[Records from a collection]
┄┄┄┄┄┄

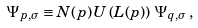<formula> <loc_0><loc_0><loc_500><loc_500>\Psi _ { p , \sigma } \equiv N ( p ) \, U \left ( L ( p ) \right ) \, \Psi _ { q , \sigma } \, ,</formula> 
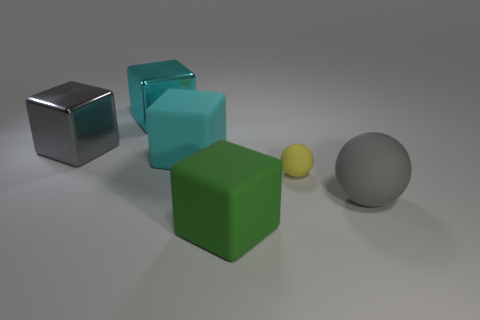Is there any other thing that is the same size as the yellow rubber thing?
Keep it short and to the point. No. There is another rubber object that is the same shape as the tiny yellow rubber object; what color is it?
Offer a terse response. Gray. Are there more large metal things in front of the green cube than large rubber spheres on the left side of the large gray metal cube?
Make the answer very short. No. How many other objects are the same shape as the big cyan shiny object?
Keep it short and to the point. 3. Are there any rubber cubes that are on the right side of the large matte cube that is behind the big sphere?
Keep it short and to the point. Yes. What number of gray blocks are there?
Your answer should be very brief. 1. Is the color of the small sphere the same as the big shiny block that is behind the large gray block?
Your response must be concise. No. Are there more cyan metallic objects than tiny blue rubber blocks?
Provide a short and direct response. Yes. Is there anything else that is the same color as the tiny sphere?
Offer a very short reply. No. How many other objects are there of the same size as the green matte block?
Make the answer very short. 4. 
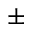Convert formula to latex. <formula><loc_0><loc_0><loc_500><loc_500>\pm</formula> 
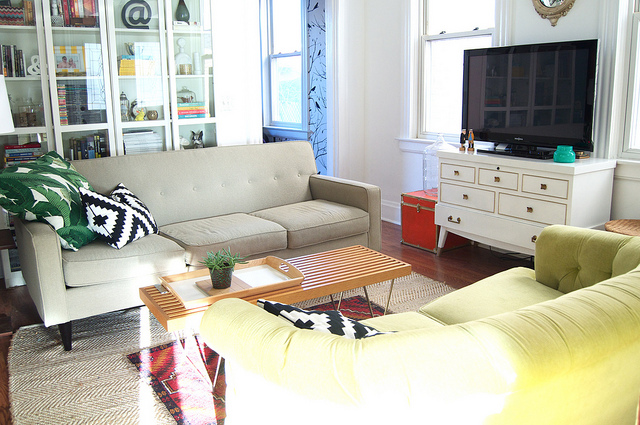Can you describe the style or theme of the decor in this room? The room features a mid-century modern aesthetic, characterized by the clean lines of the furniture and the vintage-inspired accents. The use of a bold, geometric-patterned rug and the inclusion of house plants add energy and a touch of nature to the space, creating a harmonious blend of retro and contemporary styles. 
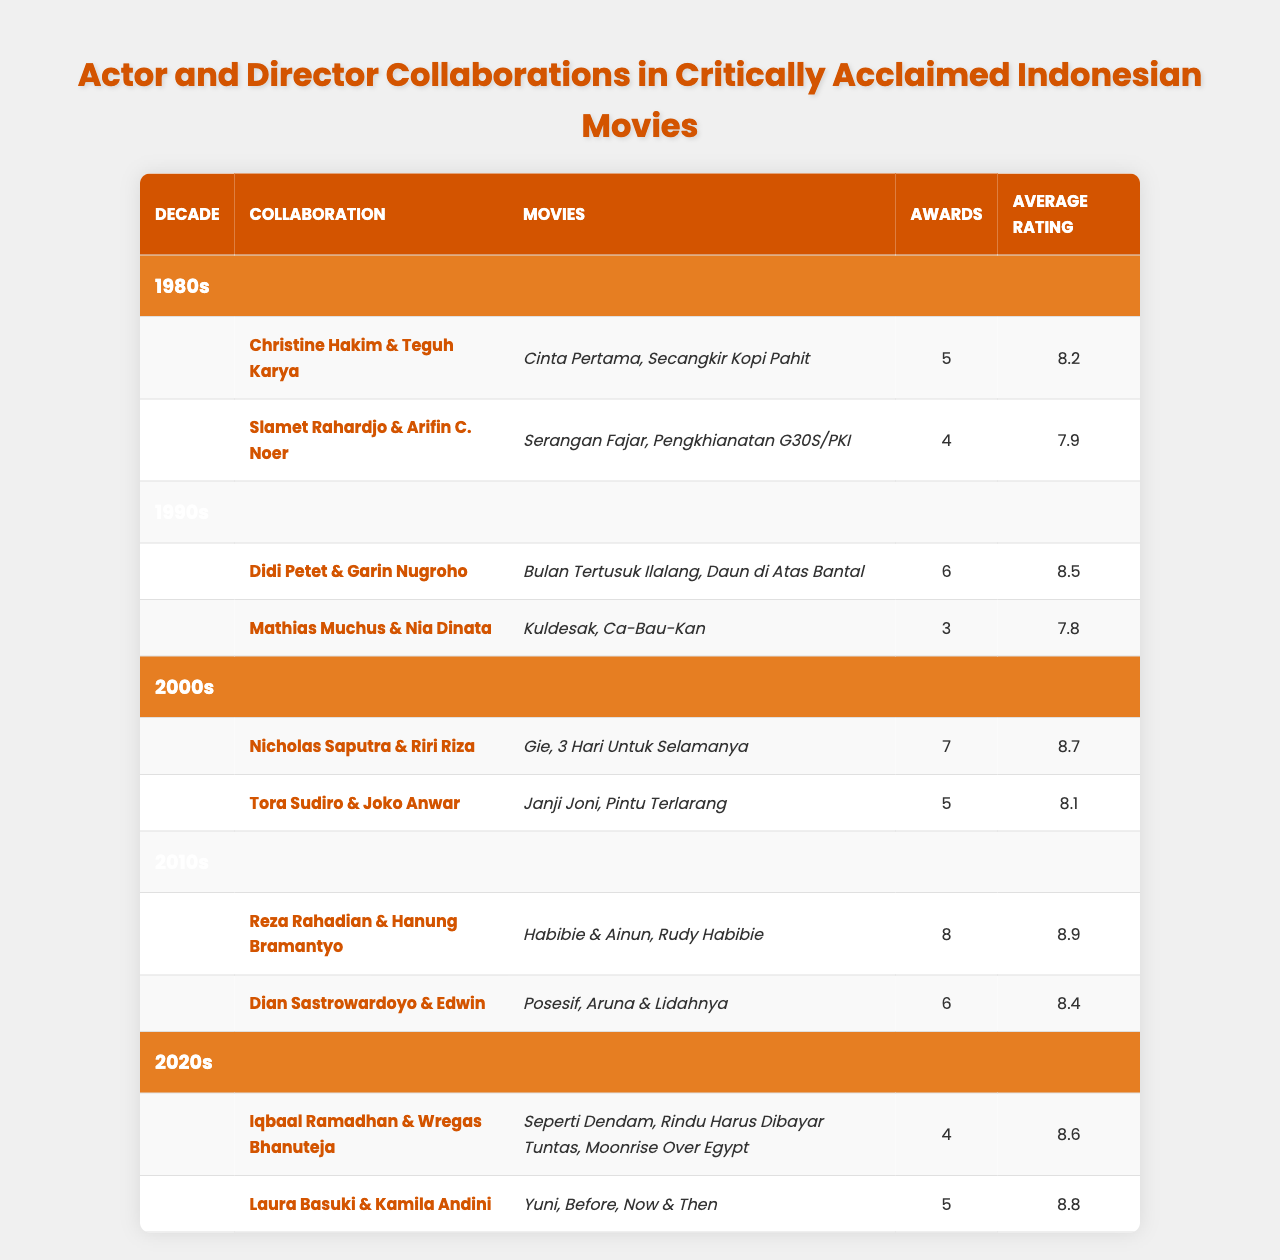What decade had the highest average rating for actor and director collaborations? Looking at the average ratings, the 2010s has the highest average rating of 8.9, provided by the collaboration of Reza Rahadian & Hanung Bramantyo.
Answer: 2010s How many awards did Nicholas Saputra & Riri Riza win? According to the table, Nicholas Saputra & Riri Riza won a total of 7 awards for their collaborations.
Answer: 7 Which collaboration received the most awards in the 1990s? In the 1990s, the collaboration between Didi Petet & Garin Nugroho received 6 awards, which is more than the 3 awards won by Mathias Muchus & Nia Dinata.
Answer: Didi Petet & Garin Nugroho Is the average rating for Laura Basuki & Kamila Andini higher than 8.5? The average rating for Laura Basuki & Kamila Andini is 8.8, which is higher than 8.5.
Answer: Yes What is the total number of awards won by collaborations in the 2000s? Nicholas Saputra & Riri Riza won 7 awards and Tora Sudiro & Joko Anwar won 5 awards in the 2000s, so the total is 7 + 5 = 12 awards.
Answer: 12 Which actor-director collaboration had the lowest average rating in the 1980s? In the 1980s, the collaboration between Slamet Rahardjo & Arifin C. Noer had the lowest average rating of 7.9 compared to Christine Hakim & Teguh Karya's 8.2.
Answer: Slamet Rahardjo & Arifin C. Noer How does the average rating of collaborations in the 2020s compare to that in the 1990s? In the 2020s, the average rating is 8.7 (average of Iqbaal Ramadhan & Wregas Bhanuteja and Laura Basuki & Kamila Andini), while in the 1990s, it is 8.15. Therefore, the 2020s has a higher average rating.
Answer: Higher Which era had the greatest number of films associated with its highest award-winning collaboration? Reza Rahadian & Hanung Bramantyo's collaboration in the 2010s had the highest number of awards (8) and it is associated with 2 films.
Answer: 2 films in the 2010s If we were to rank the decades based on the total awards won, which decade comes first? The total awards by decade are: 1980s (9), 1990s (9), 2000s (12), 2010s (14), 2020s (9). The 2010s had the most awards, hence it comes first.
Answer: 2010s How many total movies are listed for the decades of 1980s and 1990s? In the 1980s, there are 2 movies and in the 1990s, there are also 2 movies, totaling 2 + 2 = 4 movies.
Answer: 4 movies

┄┄┄┄┄┄

Search the records for the string "decades" and report each line that has it.

Answer: 2 films in the 2010s If we were to rank the decades based on the total awards won, which decade comes first? The total awards by decade are: 1980s (9), 1990s (9), 2000s (12), 2010s (14), 2020s (9). The 2010s had the most awards, hence it comes first.
Answer: 2010s How many total movies are listed for the decades of 1980s and 1990s? In the 1980s, there are 2 movies and in the 1990s, there are also 2 movies, totaling 2 + 2 = 4 movies.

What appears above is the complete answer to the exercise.